= Beginning of Section =

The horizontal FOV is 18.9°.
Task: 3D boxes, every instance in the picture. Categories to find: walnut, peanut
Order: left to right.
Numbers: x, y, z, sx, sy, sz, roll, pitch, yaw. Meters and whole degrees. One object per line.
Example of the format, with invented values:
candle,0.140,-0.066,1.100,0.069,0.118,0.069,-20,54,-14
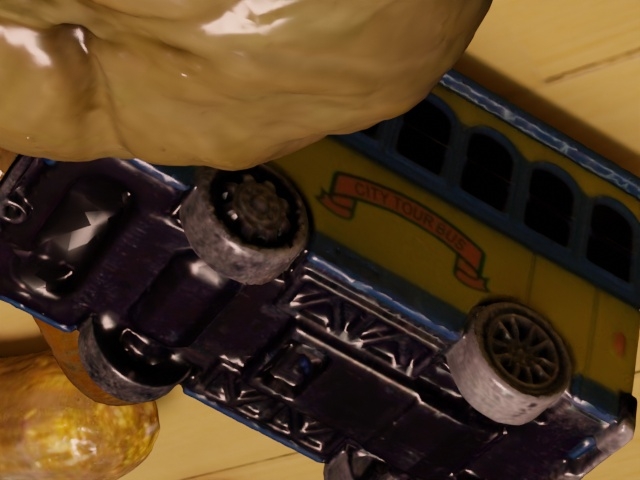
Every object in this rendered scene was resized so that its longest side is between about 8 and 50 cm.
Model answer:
peanut,-0.190,0.106,1.105,0.206,0.087,0.087,-4,134,18
walnut,-0.042,-0.165,0.638,0.253,0.277,0.282,-4,131,36

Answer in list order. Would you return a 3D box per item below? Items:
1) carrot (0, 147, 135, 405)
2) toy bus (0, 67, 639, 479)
carrot,-0.160,-0.032,0.969,0.078,0.078,0.298,-15,125,29
toy bus,0.000,0.000,0.871,0.287,0.175,0.138,29,136,-14
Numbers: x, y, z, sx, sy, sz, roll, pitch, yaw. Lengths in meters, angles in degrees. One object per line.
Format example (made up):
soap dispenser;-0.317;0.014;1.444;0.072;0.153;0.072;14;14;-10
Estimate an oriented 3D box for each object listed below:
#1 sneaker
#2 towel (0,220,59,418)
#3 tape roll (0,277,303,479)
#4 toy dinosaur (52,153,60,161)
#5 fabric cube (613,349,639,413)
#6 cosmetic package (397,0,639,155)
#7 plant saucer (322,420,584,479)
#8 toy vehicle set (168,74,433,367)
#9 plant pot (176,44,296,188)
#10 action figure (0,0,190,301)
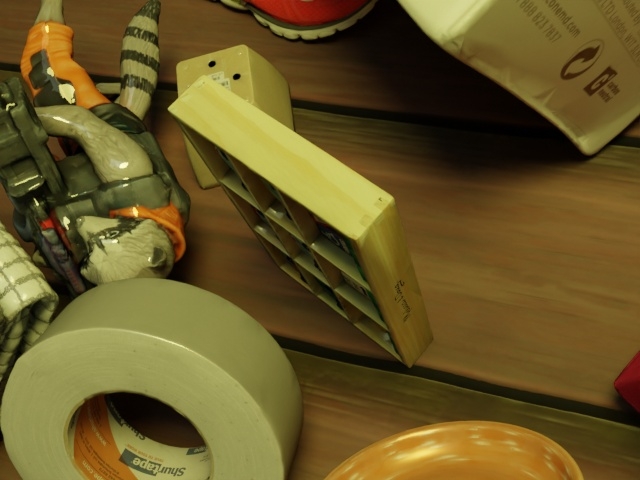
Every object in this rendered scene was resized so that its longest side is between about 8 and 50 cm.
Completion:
sneaker;-0.065;-0.303;0.821;0.279;0.118;0.107;21;74;22
towel;-0.364;0.063;0.629;0.235;0.121;0.283;45;122;11
tape roll;-0.126;0.140;0.583;0.219;0.219;0.072;-3;25;13
toy dinosaur;-0.307;-0.088;0.841;0.090;0.047;0.082;0;50;-23
fabric cube;0.380;0.068;0.442;0.259;0.258;0.254;-44;72;-8
cosmetic package;0.170;-0.341;0.609;0.327;0.329;0.393;-45;60;21
plant saucer;0.087;0.195;0.541;0.200;0.200;0.037;-14;105;8
toy vehicle set;0.000;0.000;0.584;0.166;0.267;0.035;36;78;26
plant pot;-0.090;-0.131;0.761;0.109;0.096;0.109;-13;63;8
action figure;-0.197;-0.101;0.658;0.179;0.341;0.330;-17;61;-8
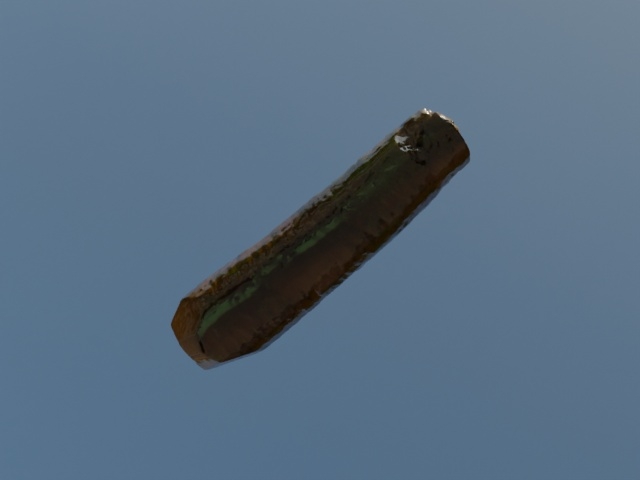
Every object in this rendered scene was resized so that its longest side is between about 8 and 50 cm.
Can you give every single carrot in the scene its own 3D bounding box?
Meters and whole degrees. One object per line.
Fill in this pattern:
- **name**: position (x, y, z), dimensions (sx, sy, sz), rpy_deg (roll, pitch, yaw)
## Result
- **carrot**: position (0.000, 0.000, 0.831), dimensions (0.260, 0.070, 0.070), rpy_deg (-41, -93, 10)
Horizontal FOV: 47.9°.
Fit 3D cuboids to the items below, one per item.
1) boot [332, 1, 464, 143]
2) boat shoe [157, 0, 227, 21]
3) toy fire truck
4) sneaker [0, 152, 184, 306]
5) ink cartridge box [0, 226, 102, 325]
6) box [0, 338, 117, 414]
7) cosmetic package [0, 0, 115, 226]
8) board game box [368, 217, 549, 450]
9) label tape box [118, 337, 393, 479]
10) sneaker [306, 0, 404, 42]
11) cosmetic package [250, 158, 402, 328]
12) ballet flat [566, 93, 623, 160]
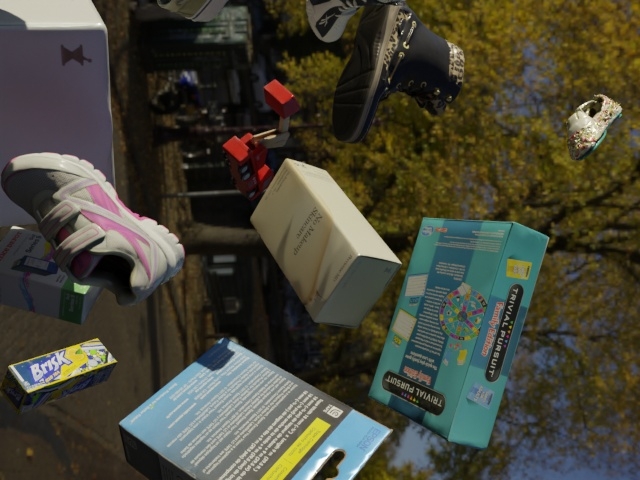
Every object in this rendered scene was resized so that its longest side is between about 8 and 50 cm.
[{"bbox_3d":[0.193,-0.372,1.726,0.138,0.284,0.378,0,-107,53],"label":"boot"},{"bbox_3d":[-0.159,-0.469,1.148,0.302,0.094,0.109,-47,-114,36],"label":"boat shoe"},{"bbox_3d":[-0.092,-0.156,1.164,0.047,0.135,0.192,43,-15,19],"label":"toy fire truck"},{"bbox_3d":[-0.294,-0.012,0.906,0.103,0.252,0.111,-47,-166,32],"label":"sneaker"},{"bbox_3d":[-0.565,0.070,1.484,0.154,0.212,0.093,-80,-174,-56],"label":"ink cartridge box"},{"bbox_3d":[-0.414,0.213,1.143,0.169,0.059,0.054,-14,141,-55],"label":"box"},{"bbox_3d":[-0.544,-0.251,1.234,0.394,0.327,0.330,-129,-141,-54],"label":"cosmetic package"},{"bbox_3d":[0.216,0.135,1.179,0.253,0.079,0.336,8,-100,66],"label":"board game box"},{"bbox_3d":[-0.097,0.313,1.087,0.240,0.333,0.106,-38,142,-42],"label":"label tape box"},{"bbox_3d":[0.066,-0.397,1.180,0.153,0.094,0.235,47,-40,22],"label":"sneaker"},{"bbox_3d":[0.000,0.000,1.351,0.160,0.113,0.309,-58,-138,21],"label":"cosmetic package"},{"bbox_3d":[0.534,-0.230,1.441,0.241,0.077,0.091,-38,174,-48],"label":"ballet flat"}]
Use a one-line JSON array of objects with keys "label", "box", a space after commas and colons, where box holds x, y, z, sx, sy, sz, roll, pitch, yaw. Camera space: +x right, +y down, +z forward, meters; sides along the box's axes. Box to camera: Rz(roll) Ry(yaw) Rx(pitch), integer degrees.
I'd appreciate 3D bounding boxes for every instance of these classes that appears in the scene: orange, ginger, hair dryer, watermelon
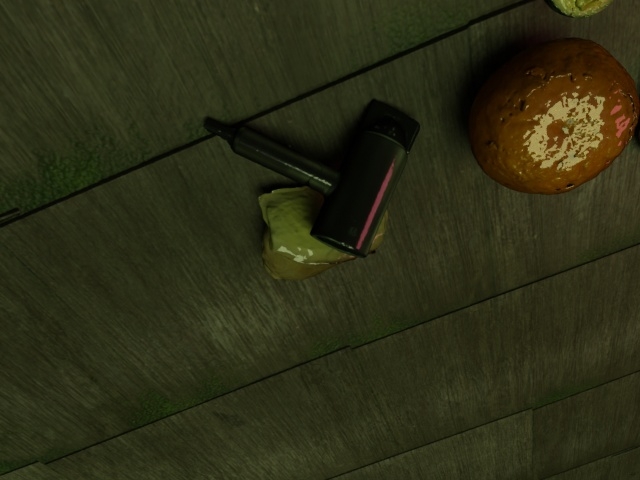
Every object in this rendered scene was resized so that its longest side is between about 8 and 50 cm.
[{"label": "orange", "box": [0.281, -0.151, 0.621, 0.194, 0.161, 0.193, 0, 124, 0]}, {"label": "ginger", "box": [0.004, -0.001, 0.720, 0.193, 0.115, 0.122, -5, 151, -21]}, {"label": "hair dryer", "box": [-0.017, -0.115, 0.622, 0.248, 0.078, 0.195, 24, 83, -9]}, {"label": "watermelon", "box": [0.285, -0.304, 0.557, 0.106, 0.062, 0.105, -5, 111, -13]}]

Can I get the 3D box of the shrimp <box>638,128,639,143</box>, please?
[{"label": "shrimp", "box": [0.510, -0.197, 0.722, 0.099, 0.041, 0.180, -28, 129, 6]}]
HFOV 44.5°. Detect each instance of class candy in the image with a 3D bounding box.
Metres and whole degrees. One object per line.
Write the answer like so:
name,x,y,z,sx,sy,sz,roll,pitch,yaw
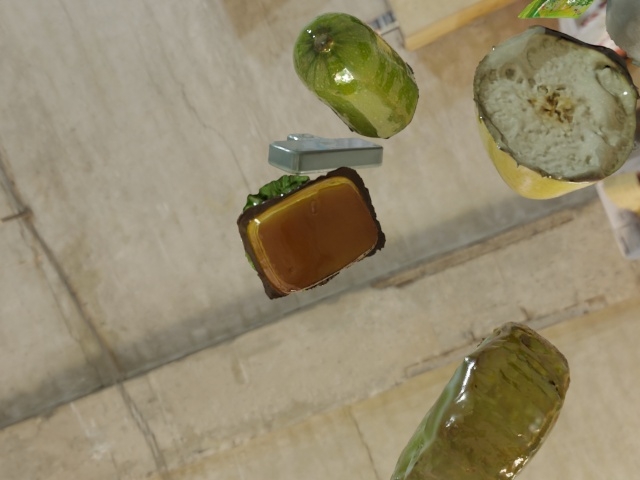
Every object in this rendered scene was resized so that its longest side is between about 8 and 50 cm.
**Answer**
candy,0.175,0.210,0.885,0.118,0.260,0.260,38,-175,11
candy,0.501,-0.496,1.620,0.032,0.178,0.102,66,146,22

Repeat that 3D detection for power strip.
power strip,-0.005,-0.204,1.813,0.193,0.264,0.059,28,119,49

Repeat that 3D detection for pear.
pear,0.311,-0.163,1.141,0.178,0.266,0.267,118,136,-63

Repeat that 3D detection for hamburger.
hamburger,-0.014,-0.016,0.925,0.137,0.165,0.087,68,169,-8

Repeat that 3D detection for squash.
squash,0.028,-0.165,0.743,0.188,0.095,0.095,23,-135,-68

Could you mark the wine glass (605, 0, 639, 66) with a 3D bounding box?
wine glass,0.627,-0.460,1.311,0.323,0.238,0.238,101,158,-55
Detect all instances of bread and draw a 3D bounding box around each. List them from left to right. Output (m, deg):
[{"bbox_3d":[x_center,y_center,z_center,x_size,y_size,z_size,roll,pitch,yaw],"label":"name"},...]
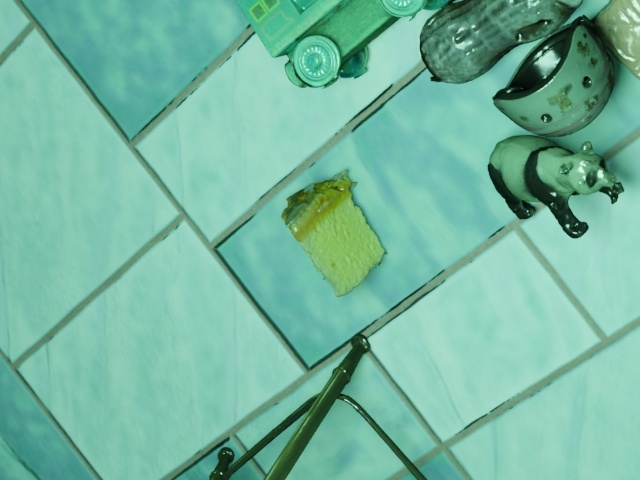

= End of Section =

● **What you will do**: Retype each line of the records exactly as it reads; no pictures belong in the copy.

● **Exercise result**:
The horizontal FOV is 18.9°.
Task: 3D boxes, every instance in the picture. Categories to find: walnut, peanut
Order: left to right.
Numbers: x, y, z, sx, sy, sz, roll, pitch, yaw. Meters and whole degrees. One object per line.
Example of the format, with invented values:
candle,0.140,-0.066,1.100,0.069,0.118,0.069,-20,54,-14
Every object in this rendered scene was resized so that its longest side is between about 8 and 50 cm.
Model answer:
peanut,-0.190,0.106,1.105,0.206,0.087,0.087,-4,134,18
walnut,-0.042,-0.165,0.638,0.253,0.277,0.282,-4,131,36

Answer in list order. Would you return a 3D box per item below? Items:
1) carrot (0, 147, 135, 405)
2) toy bus (0, 67, 639, 479)
carrot,-0.160,-0.032,0.969,0.078,0.078,0.298,-15,125,29
toy bus,0.000,0.000,0.871,0.287,0.175,0.138,29,136,-14
Numbers: x, y, z, sx, sy, sz, roll, pitch, yaw. Lengths in meters, angles in degrees. One object per line.
Format example (made up):
soap dispenser;-0.317;0.014;1.444;0.072;0.153;0.072;14;14;-10
Estimate an oriented 3D box for each object listed below:
#1 sneaker
#2 towel (0,220,59,418)
#3 tape roll (0,277,303,479)
#4 toy dinosaur (52,153,60,161)
#5 fabric cube (613,349,639,413)
#6 cosmetic package (397,0,639,155)
#7 plant saucer (322,420,584,479)
#8 toy vehicle set (168,74,433,367)
#9 plant pot (176,44,296,188)
#10 action figure (0,0,190,301)
Every object in this rendered scene was resized so that its longest side is between about 8 and 50 cm.
Completion:
sneaker;-0.065;-0.303;0.821;0.279;0.118;0.107;21;74;22
towel;-0.364;0.063;0.629;0.235;0.121;0.283;45;122;11
tape roll;-0.126;0.140;0.583;0.219;0.219;0.072;-3;25;13
toy dinosaur;-0.307;-0.088;0.841;0.090;0.047;0.082;0;50;-23
fabric cube;0.380;0.068;0.442;0.259;0.258;0.254;-44;72;-8
cosmetic package;0.170;-0.341;0.609;0.327;0.329;0.393;-45;60;21
plant saucer;0.087;0.195;0.541;0.200;0.200;0.037;-14;105;8
toy vehicle set;0.000;0.000;0.584;0.166;0.267;0.035;36;78;26
plant pot;-0.090;-0.131;0.761;0.109;0.096;0.109;-13;63;8
action figure;-0.197;-0.101;0.658;0.179;0.341;0.330;-17;61;-8
Every object in this rendered scene was resized so that its longest side is between about 8 and 50 cm.
Can you give every single carrot in the scene its own 3D bounding box?
Meters and whole degrees. One object per line.
Fill in this pattern:
- **name**: position (x, y, z), dimensions (sx, sy, sz), rpy_deg (roll, pitch, yaw)
## Result
- **carrot**: position (0.000, 0.000, 0.831), dimensions (0.260, 0.070, 0.070), rpy_deg (-41, -93, 10)
Horizontal FOV: 47.9°.
Fit 3D cuboids to the items below, one per item.
1) boot [332, 1, 464, 143]
2) boat shoe [157, 0, 227, 21]
3) toy fire truck
4) sneaker [0, 152, 184, 306]
5) ink cartridge box [0, 226, 102, 325]
6) box [0, 338, 117, 414]
7) cosmetic package [0, 0, 115, 226]
8) board game box [368, 217, 549, 450]
9) label tape box [118, 337, 393, 479]
10) sneaker [306, 0, 404, 42]
11) cosmetic package [250, 158, 402, 328]
12) ballet flat [566, 93, 623, 160]
Every object in this rendered scene was resized so that its longest side is between about 8 and 50 cm.
[{"bbox_3d":[0.193,-0.372,1.726,0.138,0.284,0.378,0,-107,53],"label":"boot"},{"bbox_3d":[-0.159,-0.469,1.148,0.302,0.094,0.109,-47,-114,36],"label":"boat shoe"},{"bbox_3d":[-0.092,-0.156,1.164,0.047,0.135,0.192,43,-15,19],"label":"toy fire truck"},{"bbox_3d":[-0.294,-0.012,0.906,0.103,0.252,0.111,-47,-166,32],"label":"sneaker"},{"bbox_3d":[-0.565,0.070,1.484,0.154,0.212,0.093,-80,-174,-56],"label":"ink cartridge box"},{"bbox_3d":[-0.414,0.213,1.143,0.169,0.059,0.054,-14,141,-55],"label":"box"},{"bbox_3d":[-0.544,-0.251,1.234,0.394,0.327,0.330,-129,-141,-54],"label":"cosmetic package"},{"bbox_3d":[0.216,0.135,1.179,0.253,0.079,0.336,8,-100,66],"label":"board game box"},{"bbox_3d":[-0.097,0.313,1.087,0.240,0.333,0.106,-38,142,-42],"label":"label tape box"},{"bbox_3d":[0.066,-0.397,1.180,0.153,0.094,0.235,47,-40,22],"label":"sneaker"},{"bbox_3d":[0.000,0.000,1.351,0.160,0.113,0.309,-58,-138,21],"label":"cosmetic package"},{"bbox_3d":[0.534,-0.230,1.441,0.241,0.077,0.091,-38,174,-48],"label":"ballet flat"}]
Use a one-line JSON array of objects with keys "label", "box", a space after commas and colons, where box holds x, y, z, sx, sy, sz, roll, pitch, yaw. Camera space: +x right, +y down, +z forward, meters; sides along the box's axes. Box to camera: Rz(roll) Ry(yaw) Rx(pitch), integer degrees.
I'd appreciate 3D bounding boxes for every instance of these classes that appears in the scene: orange, ginger, hair dryer, watermelon
Every object in this rendered scene was resized so that its longest side is between about 8 and 50 cm.
[{"label": "orange", "box": [0.281, -0.151, 0.621, 0.194, 0.161, 0.193, 0, 124, 0]}, {"label": "ginger", "box": [0.004, -0.001, 0.720, 0.193, 0.115, 0.122, -5, 151, -21]}, {"label": "hair dryer", "box": [-0.017, -0.115, 0.622, 0.248, 0.078, 0.195, 24, 83, -9]}, {"label": "watermelon", "box": [0.285, -0.304, 0.557, 0.106, 0.062, 0.105, -5, 111, -13]}]

Can I get the 3D box of the shrimp <box>638,128,639,143</box>, please?
[{"label": "shrimp", "box": [0.510, -0.197, 0.722, 0.099, 0.041, 0.180, -28, 129, 6]}]
HFOV 44.5°. Detect each instance of class candy in the image with a 3D bounding box.
Metres and whole degrees. One object per line.
Write the answer like so:
name,x,y,z,sx,sy,sz,roll,pitch,yaw
Every object in this rendered scene was resized so that its longest side is between about 8 and 50 cm.
**Answer**
candy,0.175,0.210,0.885,0.118,0.260,0.260,38,-175,11
candy,0.501,-0.496,1.620,0.032,0.178,0.102,66,146,22

Repeat that 3D detection for power strip.
power strip,-0.005,-0.204,1.813,0.193,0.264,0.059,28,119,49

Repeat that 3D detection for pear.
pear,0.311,-0.163,1.141,0.178,0.266,0.267,118,136,-63

Repeat that 3D detection for hamburger.
hamburger,-0.014,-0.016,0.925,0.137,0.165,0.087,68,169,-8

Repeat that 3D detection for squash.
squash,0.028,-0.165,0.743,0.188,0.095,0.095,23,-135,-68

Could you mark the wine glass (605, 0, 639, 66) with a 3D bounding box?
wine glass,0.627,-0.460,1.311,0.323,0.238,0.238,101,158,-55
Detect all instances of bread and draw a 3D bounding box around each. List them from left to right. Output (m, deg):
[{"bbox_3d":[x_center,y_center,z_center,x_size,y_size,z_size,roll,pitch,yaw],"label":"name"},...]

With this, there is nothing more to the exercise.